Since we live in such a media rich age his rise to power and his roadblocks will undoubtedly be well documented and retold throughout time. Because of this John McCain is destroying his legacy on an enormously long-term basis. 200 years from now our history books will talk about Barack Hussein Obama, the first black President and the country's reaction. It will be told how his political opponent went to great lengths to portray him as a terrorist or terrorist sympathizer, how in McCain rallies death threats were shouted. It will be told how many on the right tried to portray him as Muslim during a time when few accepted the Muslim faith in the land of the free. It will be told how John McCain and the right questioned his patriotism and his dedication to the troops. It will be told how they even shamelessly went after his wife, Michelle Obama. As our young students learn about American history they will look back on this period thinking, "how sad." Just like we view our wrongdoings in the past with regret, so will we in the future.

Just imagine during the Jetson era young children sitting in school watching beautiful, historic and inspirational Obama speeches, and then watching John McCain and the right's ugly rhetoric. McCain has been out to make his mark in history, but I don't think he's thought about what that mark will look like. Sad indeed.
The upshot is that McCain's attacks are exceedingly cowardly, as glaringly revealed by his lack of cajones on Tuesday night in not saying any of it to Obama's face. Which the Obama campaign has clearly taken up, calling McCain out in what I assume is a totally strategic move. It started with the boss himself (thanks to TPM):



Then Iowa Governor Tom Vilsack took up the charge:



Capped by this street-level call-out by running mate Joe Biden:

“All of the things they said about Barack Obama in the TV, on the TV, at their rallies, and now on YouTube and everything else,” Biden said — referring to McCain and Palin tying Obama to Weatherman bomber Bill Ayers and accusing him of “palling around with terrorists.”

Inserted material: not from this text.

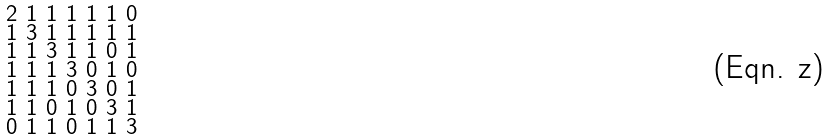Convert formula to latex. <formula><loc_0><loc_0><loc_500><loc_500>\begin{smallmatrix} 2 & 1 & 1 & 1 & 1 & 1 & 0 \\ 1 & 3 & 1 & 1 & 1 & 1 & 1 \\ 1 & 1 & 3 & 1 & 1 & 0 & 1 \\ 1 & 1 & 1 & 3 & 0 & 1 & 0 \\ 1 & 1 & 1 & 0 & 3 & 0 & 1 \\ 1 & 1 & 0 & 1 & 0 & 3 & 1 \\ 0 & 1 & 1 & 0 & 1 & 1 & 3 \end{smallmatrix}</formula>

“John McCain could not bring himself to look Barack Obama in the eye and say the same things to him,” he said to cheers. “In my neighborhood, you got something to say to a guy, you look him in the eye and you say it to him.“

With McCain's famous temper, this could be an attempt to draw the foul and get him to bring it up in the next debate, where Obama will be just as ready as he was with his "don't understand" killer.

Josh Marshall nails it in "The Cowardice Issue":

McCain's moral cowardice has been one of the subtexts of this campaign ever since he wound up the nomination and turned his attention to Barack Obama. But I did not realize it would reveal itself in such a physical dimension...

...He ever swaggered on for a couple days about how he was going to 'take the gloves off' when he met up with Obama in Nashville. But when the two of them were there in each others physical presence ... nothing. By a myriad of gestures and reactions Obama owned him...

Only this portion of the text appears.